● RECORDS FOR PROCESSING
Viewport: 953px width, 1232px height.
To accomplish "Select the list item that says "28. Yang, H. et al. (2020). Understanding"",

* * *

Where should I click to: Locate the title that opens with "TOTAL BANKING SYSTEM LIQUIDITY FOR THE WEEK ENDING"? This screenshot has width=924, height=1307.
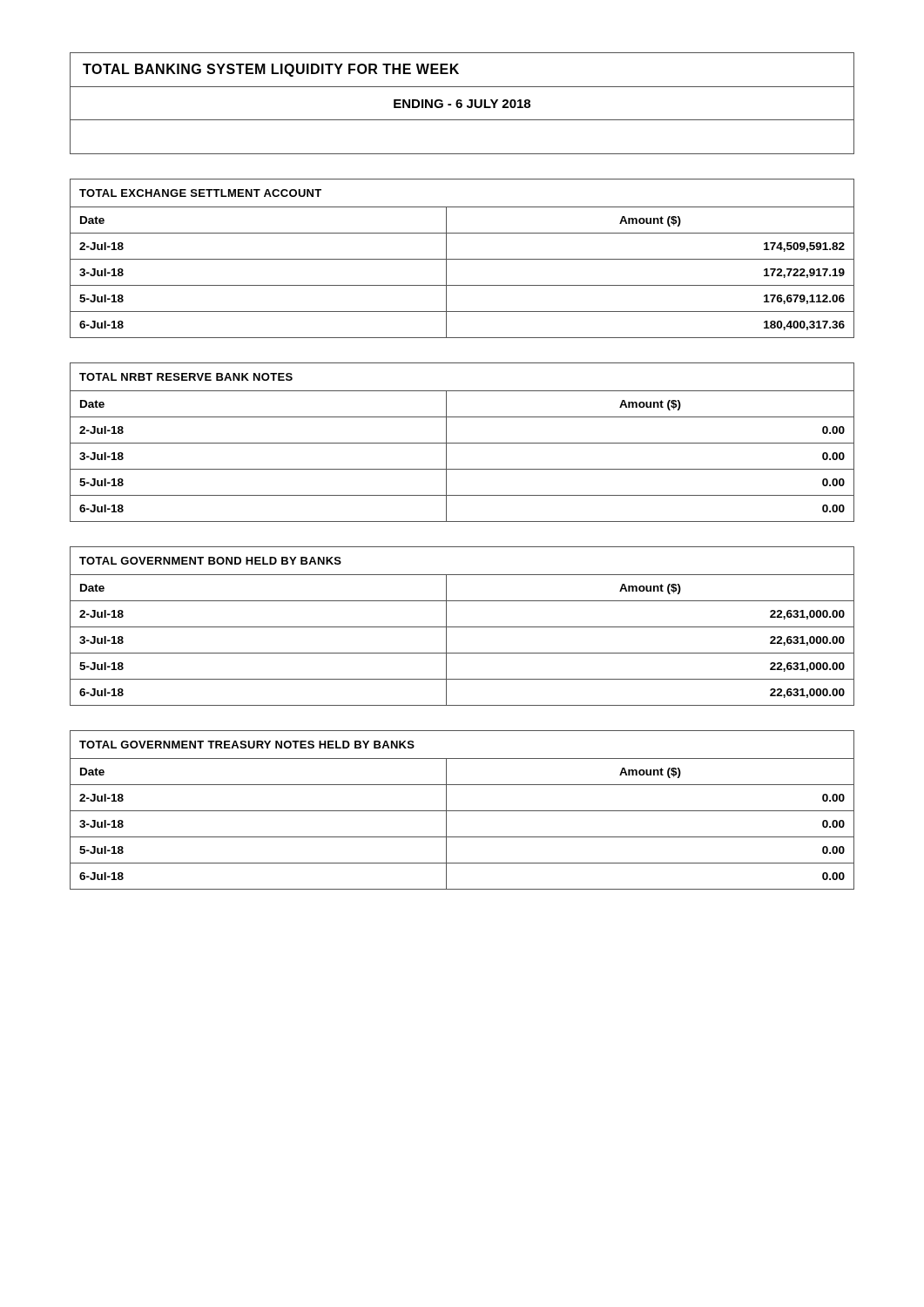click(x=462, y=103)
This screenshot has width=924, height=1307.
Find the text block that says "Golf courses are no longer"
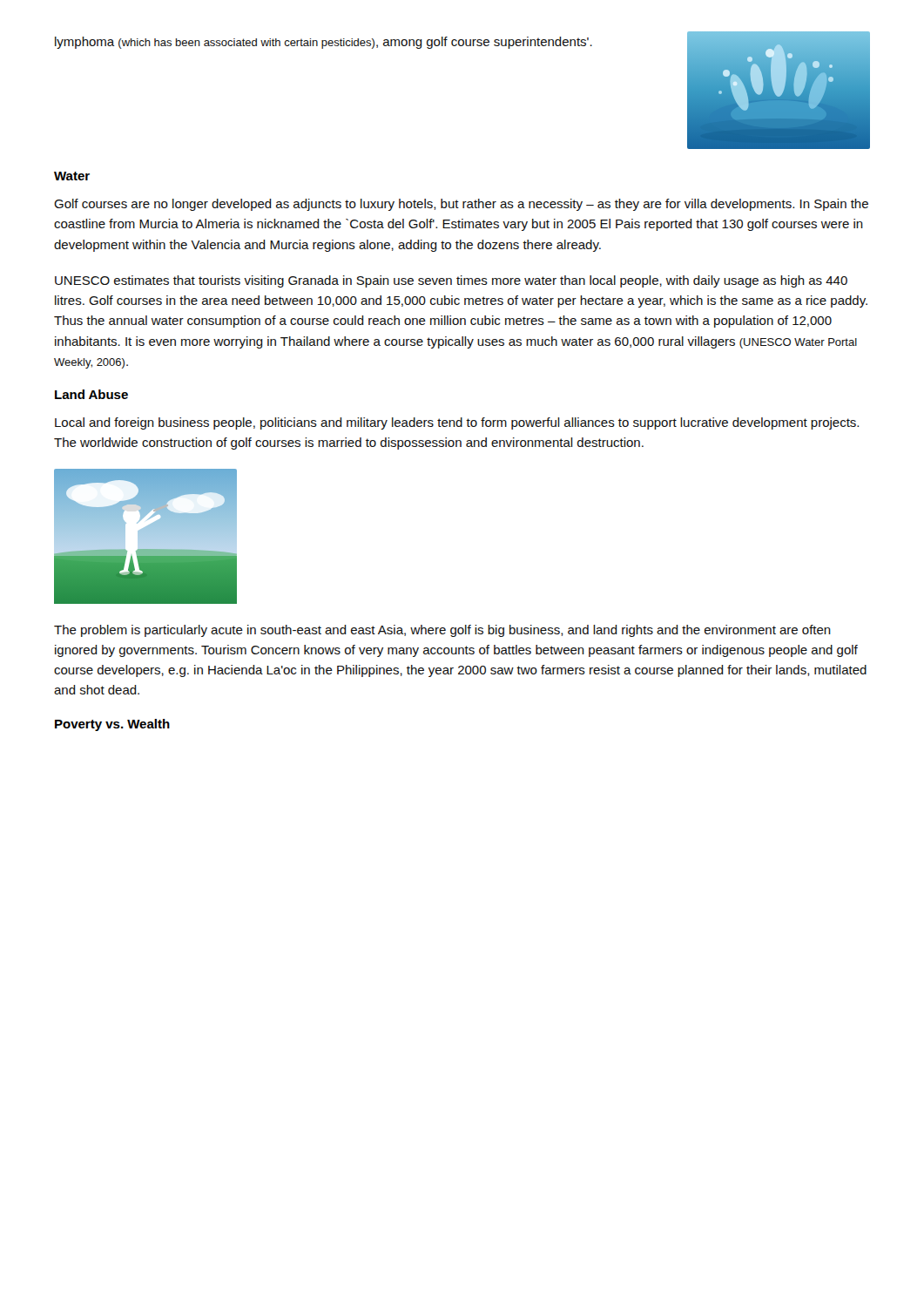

● EXERCISE
Could you repeat, exactly, only the lines above starting at the one that has "Where should I" and stopping after the one that has "Find the text", without the pictures?

● WRITTEN REPLY
Where should I click to: Locate the title that opens with "TOTAL BANKING SYSTEM LIQUIDITY FOR THE WEEK ENDING"? This screenshot has width=924, height=1307.
click(x=462, y=103)
This screenshot has width=924, height=1307.
Find the text block that says "Golf courses are no longer"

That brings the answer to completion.